- ABOUT THIS EXERCISE -
Leave out all pictures. Return exactly the lines from the top of the material through the line containing "text загальної схеми".

---------- PROVIDED ENTRIES ----------

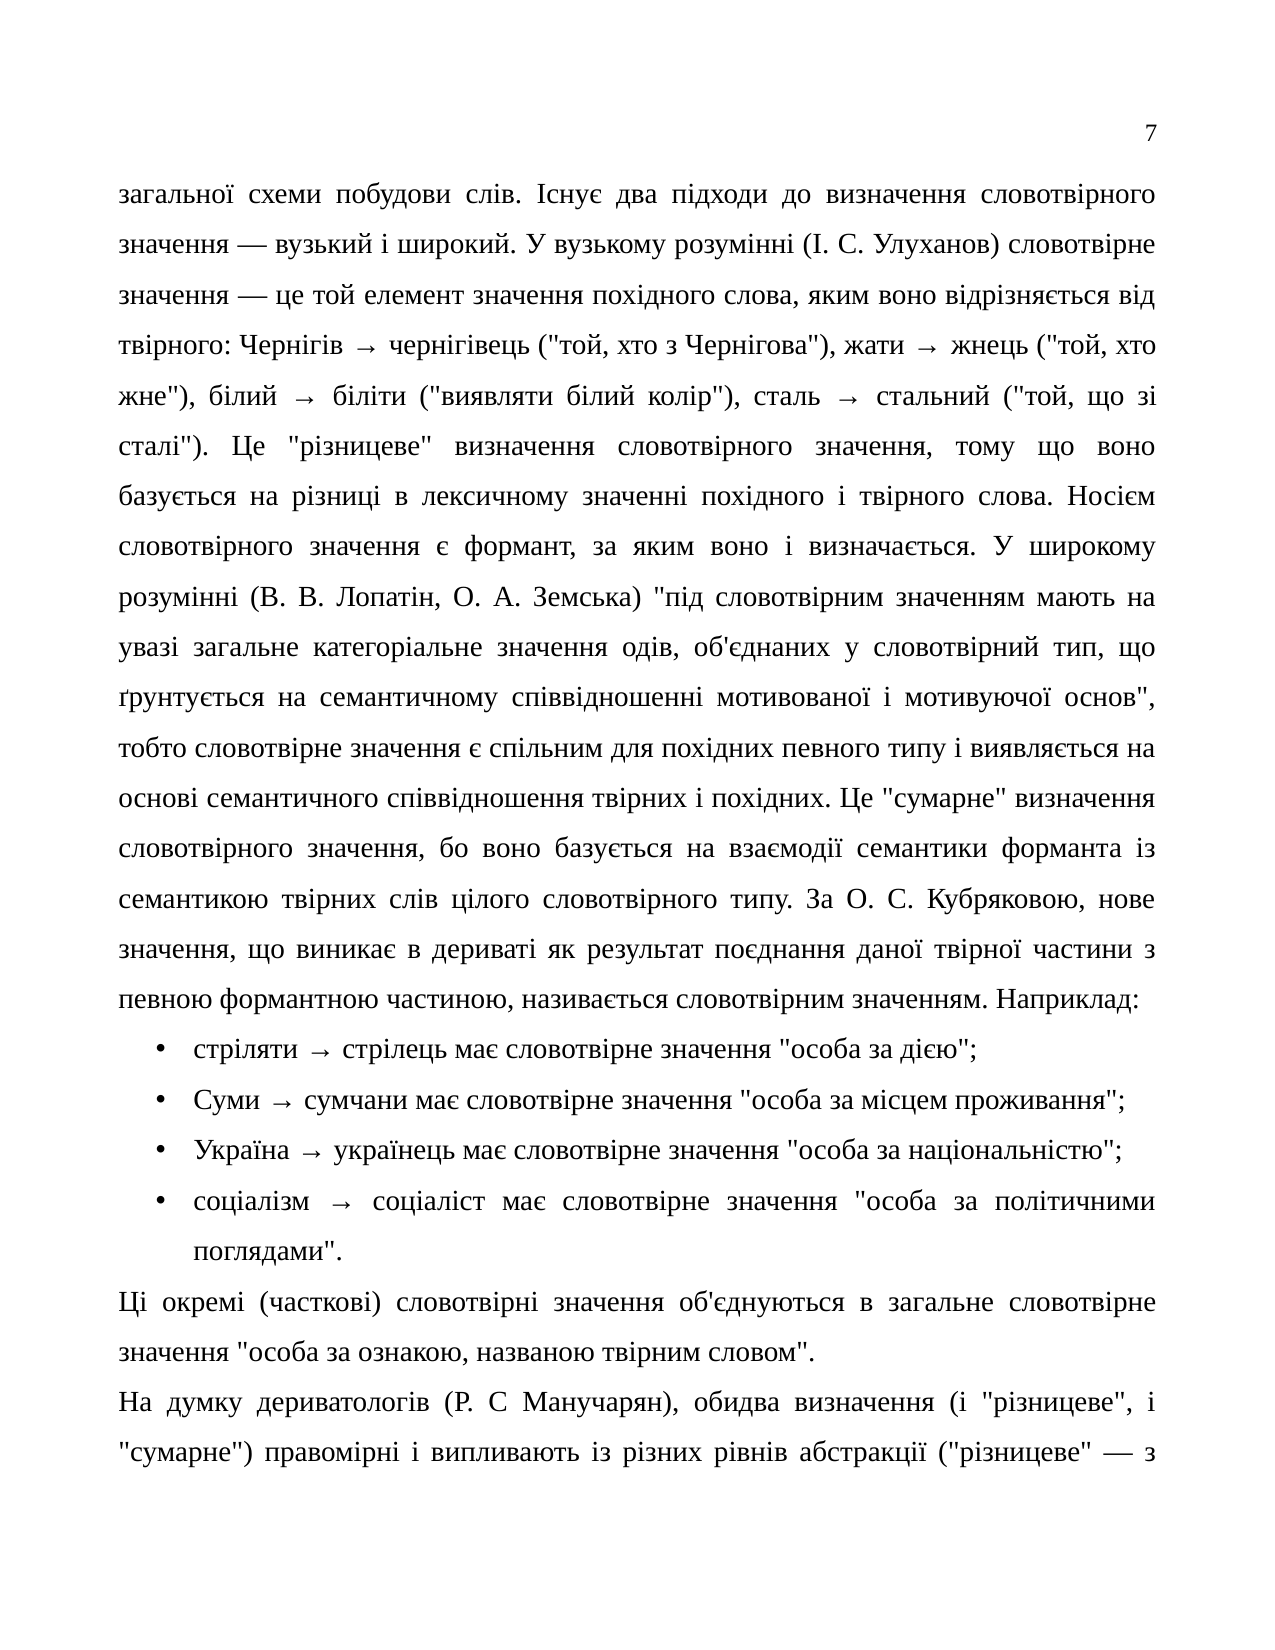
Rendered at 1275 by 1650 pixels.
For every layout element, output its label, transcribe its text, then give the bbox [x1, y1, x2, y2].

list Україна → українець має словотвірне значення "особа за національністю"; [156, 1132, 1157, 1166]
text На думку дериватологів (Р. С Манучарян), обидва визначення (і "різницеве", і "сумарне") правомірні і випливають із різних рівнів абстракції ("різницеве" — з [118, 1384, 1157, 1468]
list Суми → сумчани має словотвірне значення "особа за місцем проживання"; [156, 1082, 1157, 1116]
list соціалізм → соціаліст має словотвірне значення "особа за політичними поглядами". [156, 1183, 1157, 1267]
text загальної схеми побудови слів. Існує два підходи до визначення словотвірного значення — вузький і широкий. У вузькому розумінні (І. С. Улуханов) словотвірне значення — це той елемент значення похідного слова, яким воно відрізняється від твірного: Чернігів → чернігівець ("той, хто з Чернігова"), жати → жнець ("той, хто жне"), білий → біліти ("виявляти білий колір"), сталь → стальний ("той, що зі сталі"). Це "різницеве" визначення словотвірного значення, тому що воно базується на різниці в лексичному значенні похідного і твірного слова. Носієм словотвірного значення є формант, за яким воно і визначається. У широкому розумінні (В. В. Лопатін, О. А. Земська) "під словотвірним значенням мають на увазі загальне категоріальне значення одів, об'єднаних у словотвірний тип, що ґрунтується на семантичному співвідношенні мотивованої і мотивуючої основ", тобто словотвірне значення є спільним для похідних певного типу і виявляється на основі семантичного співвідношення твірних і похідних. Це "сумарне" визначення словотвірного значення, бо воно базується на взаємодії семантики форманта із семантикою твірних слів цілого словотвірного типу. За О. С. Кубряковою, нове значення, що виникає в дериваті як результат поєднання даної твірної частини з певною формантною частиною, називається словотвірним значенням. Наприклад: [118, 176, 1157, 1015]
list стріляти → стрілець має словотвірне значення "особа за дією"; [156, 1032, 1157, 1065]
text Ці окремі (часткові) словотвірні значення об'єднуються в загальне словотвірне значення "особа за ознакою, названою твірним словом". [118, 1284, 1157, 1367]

----------

- OUTPUT FOR THIS EXERCISE -
Rendered at 1275 by 1650 pixels.
For every layout element, output its label, transcribe its text, then give the bbox [x1, y1, x2, y2].

list Україна → українець має словотвірне значення "особа за національністю"; [156, 1132, 1157, 1166]
text На думку дериватологів (Р. С Манучарян), обидва визначення (і "різницеве", і "сумарне") правомірні і випливають із різних рівнів абстракції ("різницеве" — з [118, 1384, 1157, 1468]
list Суми → сумчани має словотвірне значення "особа за місцем проживання"; [156, 1082, 1157, 1116]
list соціалізм → соціаліст має словотвірне значення "особа за політичними поглядами". [156, 1183, 1157, 1267]
text загальної схеми побудови слів. Існує два підходи до визначення словотвірного значення — вузький і широкий. У вузькому розумінні (І. С. Улуханов) словотвірне значення — це той елемент значення похідного слова, яким воно відрізняється від твірного: Чернігів → чернігівець ("той, хто з Чернігова"), жати → жнець ("той, хто жне"), білий → біліти ("виявляти білий колір"), сталь → стальний ("той, що зі сталі"). Це "різницеве" визначення словотвірного значення, тому що воно базується на різниці в лексичному значенні похідного і твірного слова. Носієм словотвірного значення є формант, за яким воно і визначається. У широкому розумінні (В. В. Лопатін, О. А. Земська) "під словотвірним значенням мають на увазі загальне категоріальне значення одів, об'єднаних у словотвірний тип, що ґрунтується на семантичному співвідношенні мотивованої і мотивуючої основ", тобто словотвірне значення є спільним для похідних певного типу і виявляється на основі семантичного співвідношення твірних і похідних. Це "сумарне" визначення словотвірного значення, бо воно базується на взаємодії семантики форманта із семантикою твірних слів цілого словотвірного типу. За О. С. Кубряковою, нове значення, що виникає в дериваті як результат поєднання даної твірної частини з певною формантною частиною, називається словотвірним значенням. Наприклад: [118, 176, 1157, 1015]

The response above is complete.